As $\Omega\subseteq \Omega$, it too is an event. Note that its complement $\Omega^\complement=\emptyset$ and that, since there are no outcomes in the null event, this corresponds to the statement that there must be some outcome to the experiment. Also keep DeMorgan’s law for sets in mind:

\[(A\cup B)^\complement = A^\complement B^\complement\ \ \ \ \ \ \ (A B)^\complement = A^\complement\cup B^\complement\]

or more generally:

\[\left(\bigcup E_i\right)^\complement=\bigcap E_i^\complement\ \ \ \ \ \ \ \left(\bigcap E_i\right)^\complement=\bigcup E_i^\complement\]

Axioms of Probability

Consider a sample space $\Omega$, a $\sigma$-algebra $\mathcal F\subseteq \mathcal{P}(\Omega)$ called the event space, and a function $P:\mathcal F\to\mathbb R$ whose outputs are called probabilities. We call the triple $(\Omega,\mathcal F,P)$ a probability space if it satisfies the following 3 axioms:

Axiom 1. Every event in the event space has a nonnegative probability:

\[\left(\forall E\in \mathcal F\right) P(E)\ge0\]

This is to constrain our notion of probability so that nothing can have a negative chance of happening.

Notably, this restriction is relaxed when dealing with the probability amplitudes of quantum mechanics.

Axiom 2. The probability of the entire space is $1$:

\[P(\Omega)=1\]

This is called the unitary property, and it corresponds with the fact that every experiment must have some outcome in the sample space.

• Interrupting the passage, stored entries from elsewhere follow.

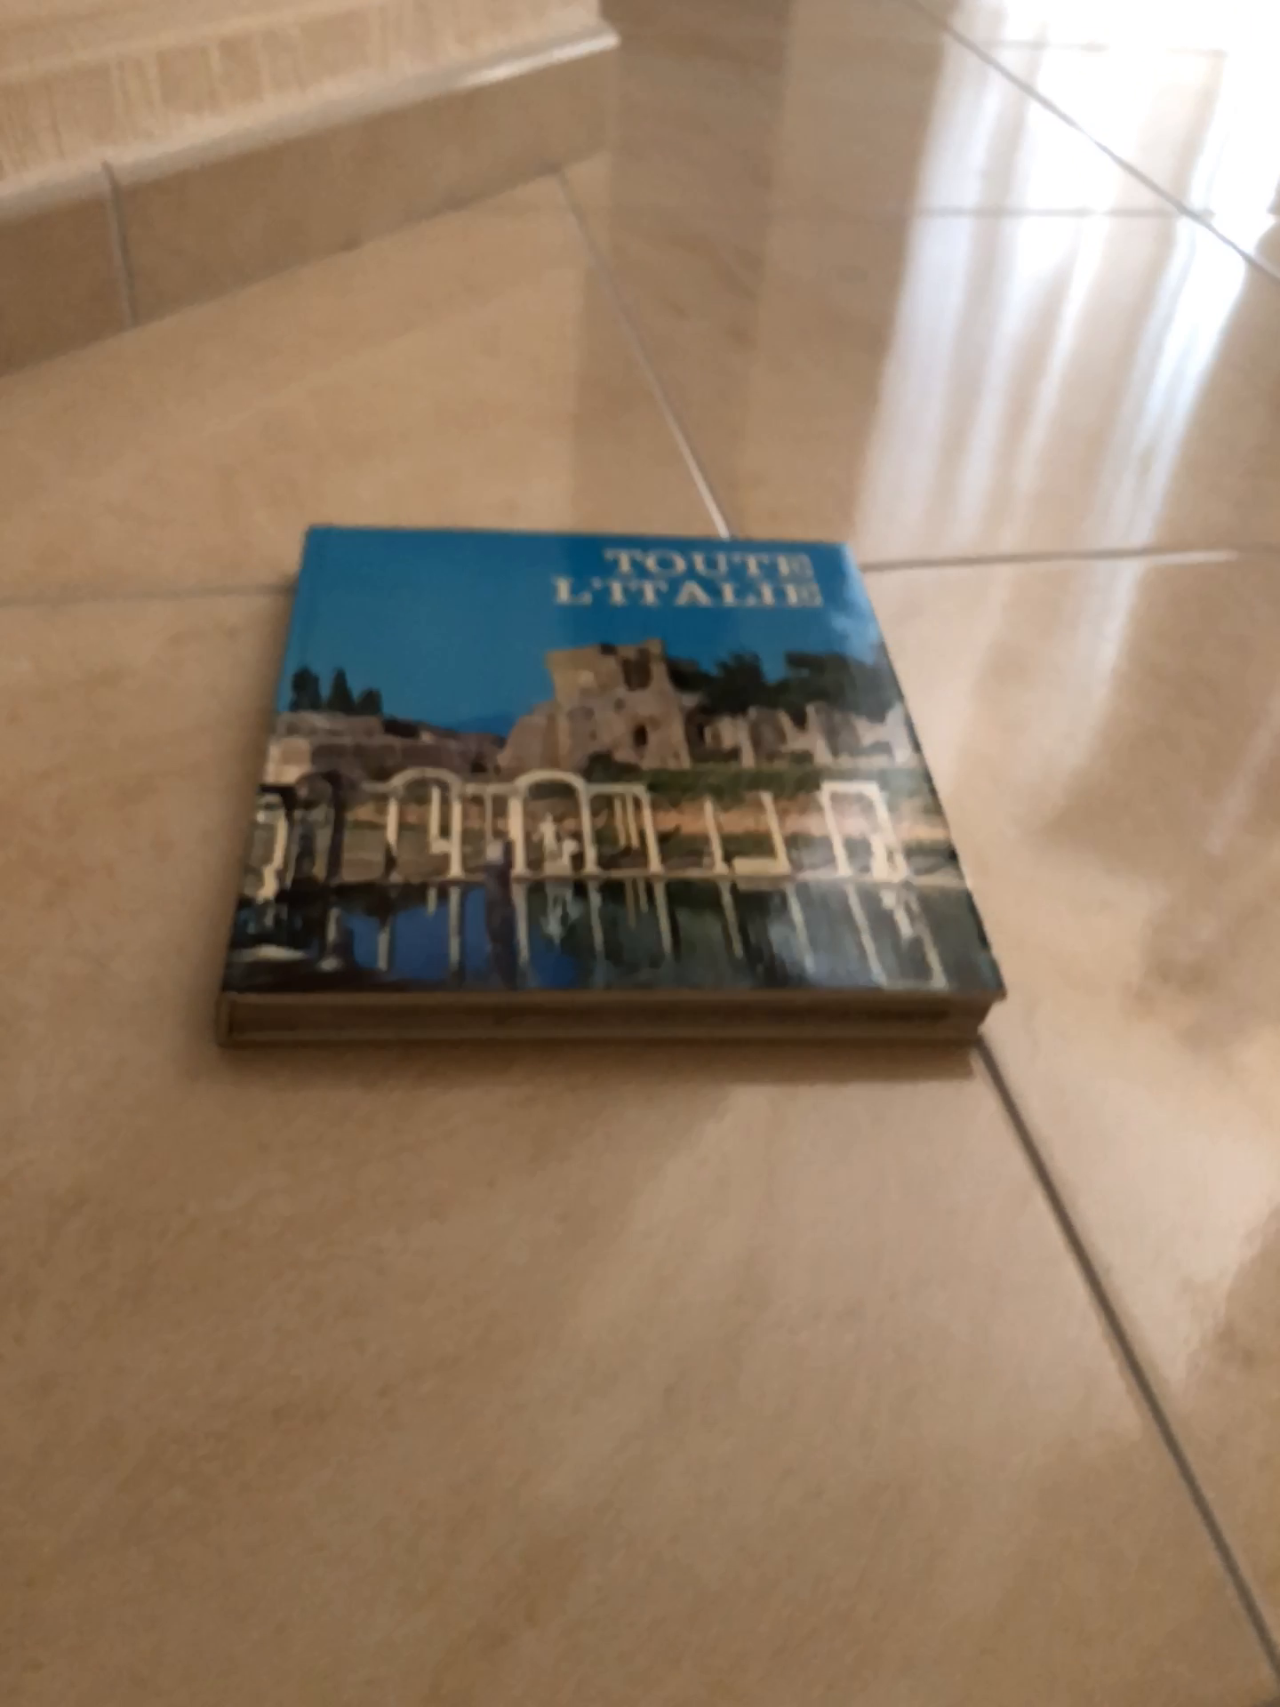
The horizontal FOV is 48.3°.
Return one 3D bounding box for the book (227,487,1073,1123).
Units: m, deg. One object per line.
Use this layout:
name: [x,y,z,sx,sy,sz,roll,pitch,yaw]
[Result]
book: [-0.007,-0.037,0.526,0.240,0.050,0.292,0,42,-7]
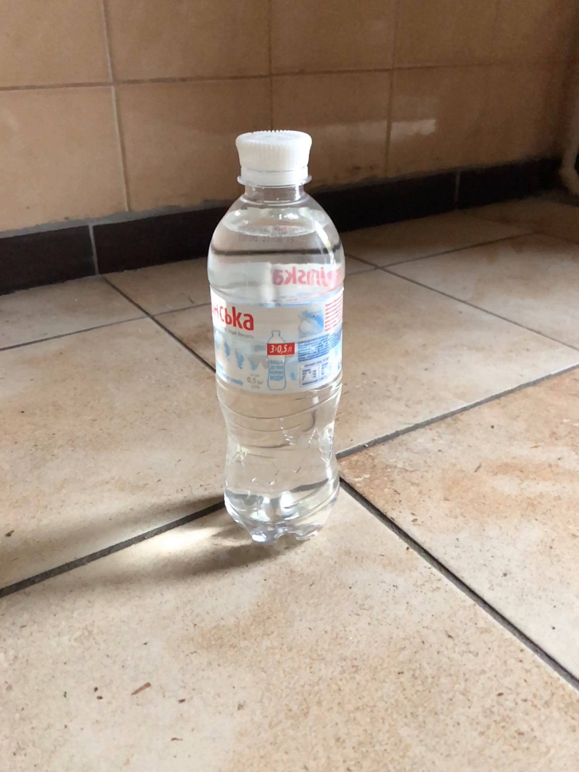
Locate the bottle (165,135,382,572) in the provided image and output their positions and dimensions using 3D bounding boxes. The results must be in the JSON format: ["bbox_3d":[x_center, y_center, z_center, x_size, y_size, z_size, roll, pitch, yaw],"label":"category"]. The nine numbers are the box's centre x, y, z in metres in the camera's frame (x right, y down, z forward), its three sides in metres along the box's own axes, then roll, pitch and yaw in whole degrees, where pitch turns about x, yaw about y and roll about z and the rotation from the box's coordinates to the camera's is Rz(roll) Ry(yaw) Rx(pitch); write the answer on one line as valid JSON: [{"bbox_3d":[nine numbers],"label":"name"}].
[{"bbox_3d":[-0.011,-0.015,0.325,0.080,0.199,0.080,0,28,0],"label":"bottle"}]
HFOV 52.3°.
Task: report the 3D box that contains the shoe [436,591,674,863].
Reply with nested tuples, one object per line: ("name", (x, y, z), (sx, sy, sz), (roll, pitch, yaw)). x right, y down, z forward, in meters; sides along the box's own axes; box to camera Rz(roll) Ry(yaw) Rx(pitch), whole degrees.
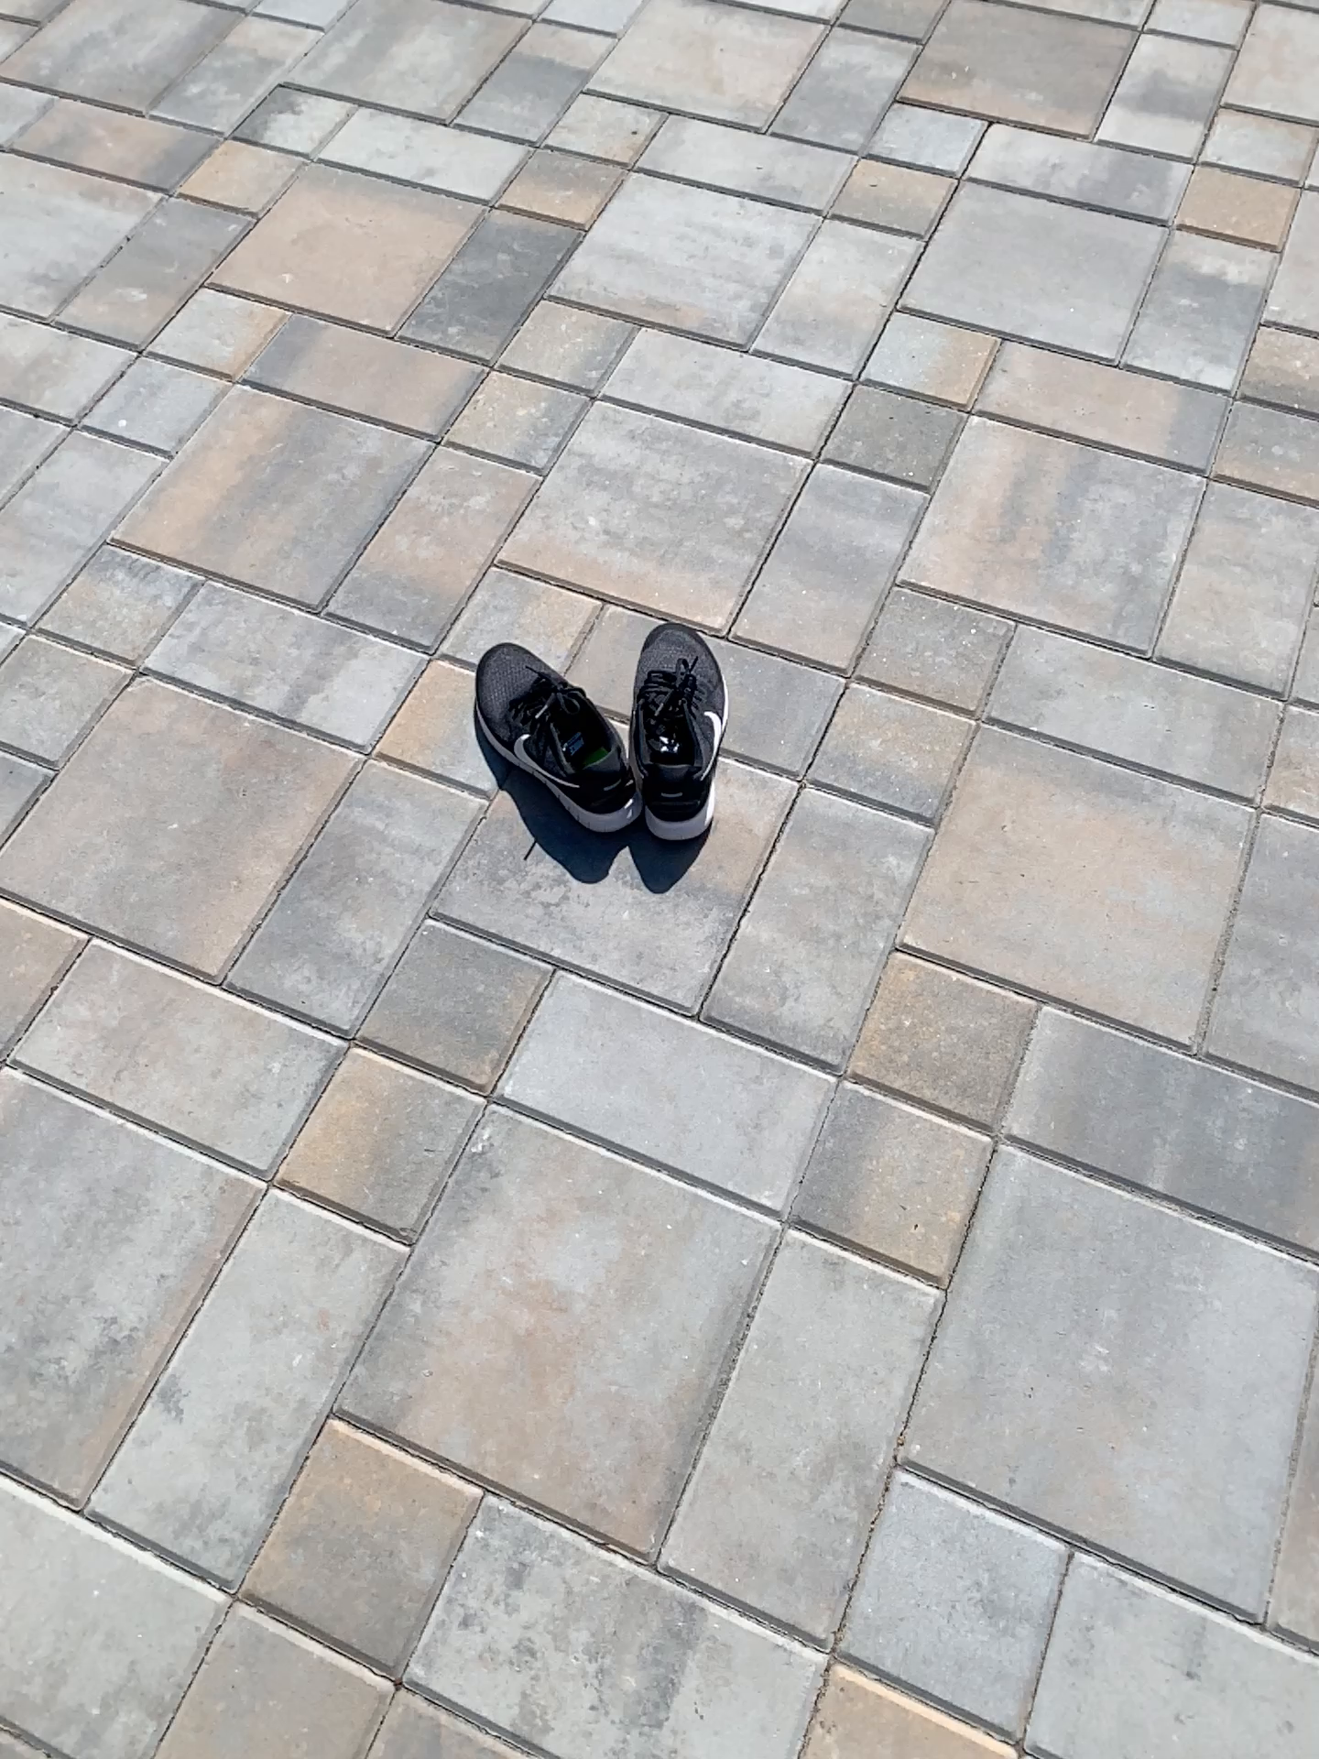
("shoe", (-0.106, -0.159, 1.386), (0.110, 0.110, 0.251), (-35, 66, -17))

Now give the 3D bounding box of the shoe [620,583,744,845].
("shoe", (0.020, -0.171, 1.370), (0.110, 0.100, 0.251), (-2, 61, 0))
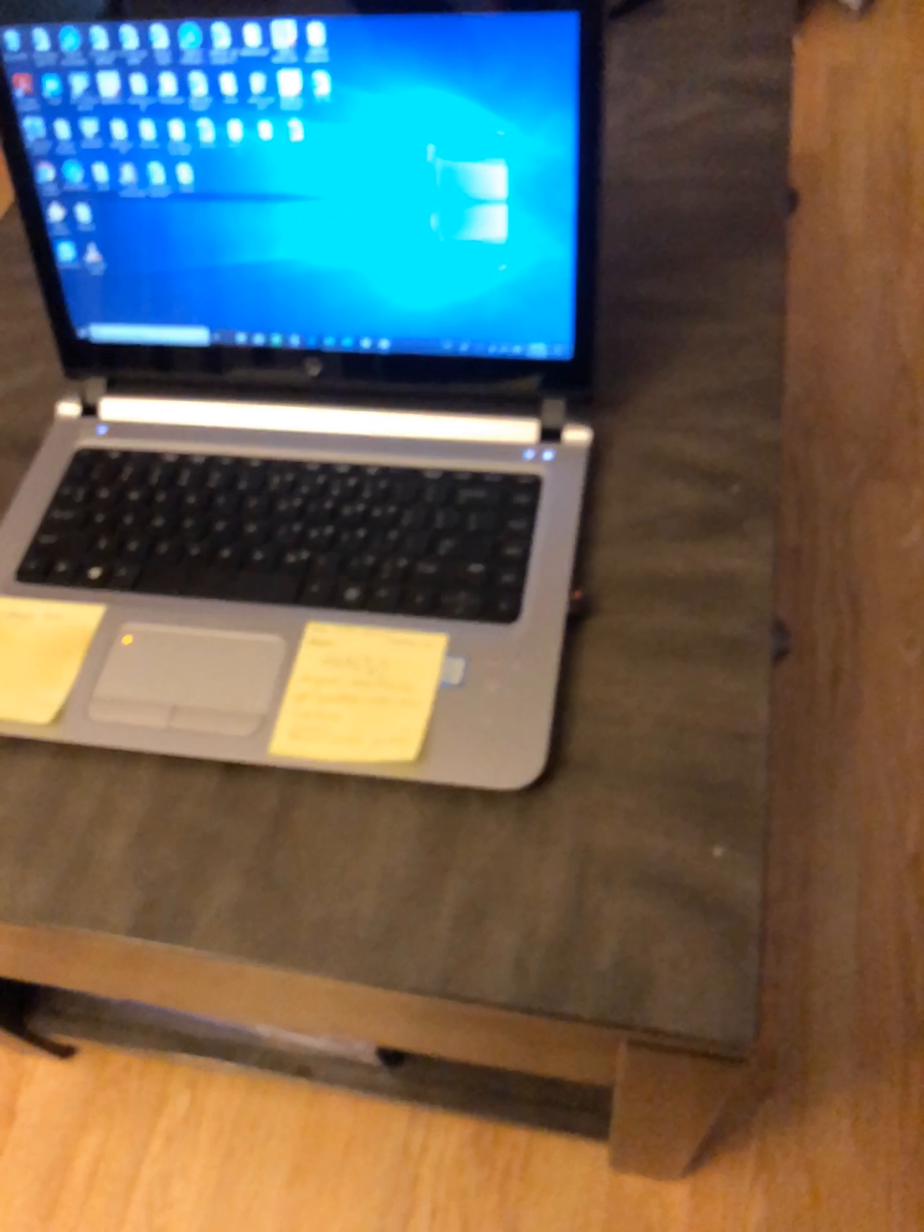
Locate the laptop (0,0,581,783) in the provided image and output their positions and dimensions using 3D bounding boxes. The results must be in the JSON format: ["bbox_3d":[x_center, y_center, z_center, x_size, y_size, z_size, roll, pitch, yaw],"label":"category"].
[{"bbox_3d":[-0.115,-0.122,0.507,0.315,0.203,0.314,5,57,10],"label":"laptop"}]
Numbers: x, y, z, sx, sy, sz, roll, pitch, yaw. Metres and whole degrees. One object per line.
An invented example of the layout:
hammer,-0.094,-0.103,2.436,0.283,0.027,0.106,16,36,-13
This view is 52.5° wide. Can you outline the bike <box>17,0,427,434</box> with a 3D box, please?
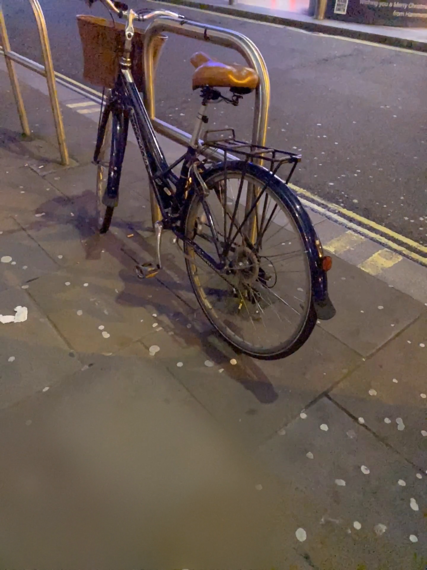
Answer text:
bike,-0.126,-0.485,1.775,0.661,1.063,1.716,-21,42,-27
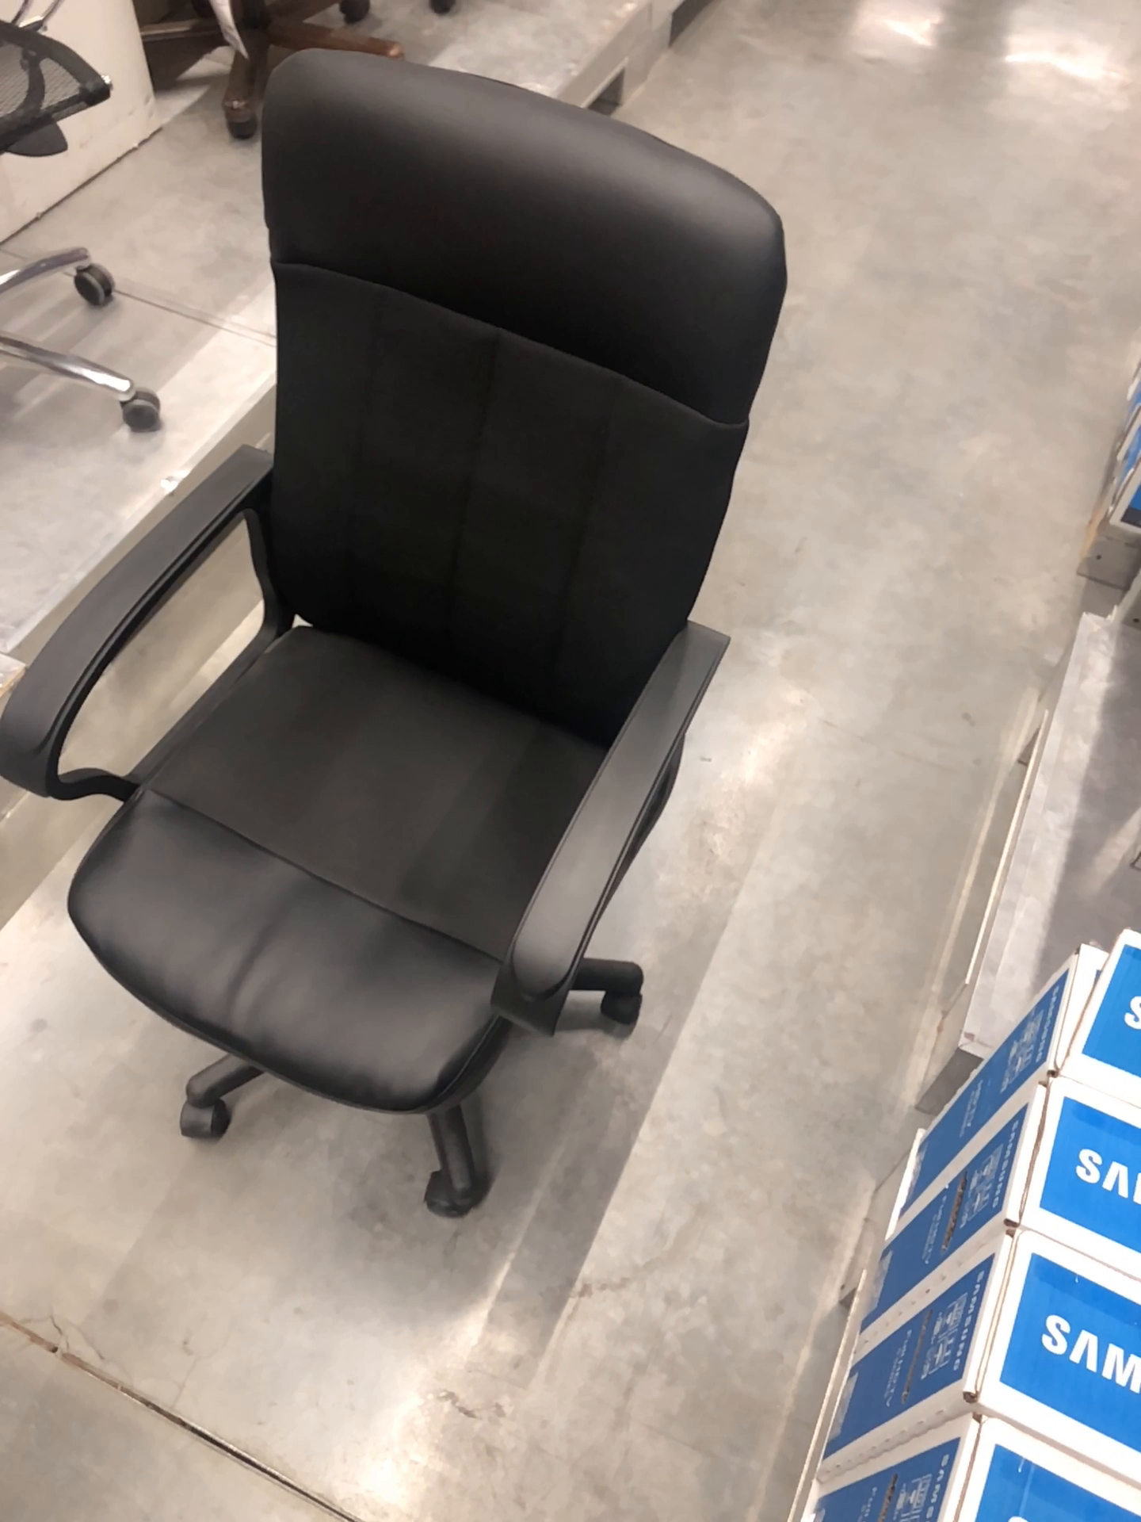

Axiom 3. Any countable set of disjoint events $(E_i)_{i=1}^\infty$ satisfies:

\[P\left(\bigcup_{i=1}^\infty E_i\right)=\sum_{i=1}^\infty P(E_i)\]

This allows for us to add the probabilities of mutually exclusive events as we expect.

You’ll notice that $\mathcal F$ isn’t necessarily the power set of $\Omega$. While this definition works fine for countable sets, it runs into trouble when dealing with uncountable ones.

Consequences

The 3 axioms above, also known as the Kolmogorov axioms, have some immediate consequences that characterize probability spaces:

\[\begin{gather*} P(\emptyset)=0\\ A\subseteq B\rightarrow P(A)\le P(B)\\ 0\le P(A)\le 1\\ P(A\cup B)=P(A)+P(B)-P(A B)\\ P(A^\complement)=1-P(A) \end{gather*}\]

for any events $A,B\in\mathcal F$.

Inclusion-Exclusion Principle

See here.

Discrete Uniform Distribution

Given a finite sample space $\Omega$, a discrete uniform distribution is one where each element $s$ in $\Omega$ is equally likely to occur meaning:

\[\left(\forall x\in \Omega\right) P(\{x\})=\frac{1}{|\Omega|}\]

This is a consequence of $P(\Omega)=1$. A further consequence of this is that the probability of any event $E$ is given by:

\[P(E)=\frac{|E|}{|\Omega|}\]

Increasing and Decreasing Sequences of Events

A sequence of events $(E_i)_{i=1}^\infty$ is increasing if:

\[\left(\forall i\in\mathbb Z^+\right) E_i\subseteq E_{i+1}\]

and, likewise, decreasing if:

\[\left(\forall i\in\mathbb Z^+\right) E_i\supseteq E_{i+1}\]

For any such sequence, the following statement about the probability of its limit holds true:

\[\lim_{i\to\infty}P(E_i)=P\left(\lim_{i\to\infty}E_i\right)\]

Interpretations of Probability

In the real world, probability can be interpreted in one of two ways:

  1. The proportion, or frequency, that a particular event will occur when an experiment is continually (in fact infinitely) repeated.
  2. The measure of belief an individual may have about the truth of a statement.

That said, as long as the given interpretation obeys the axioms we set out earlier, the calculus of probabilities is just as valid in either case.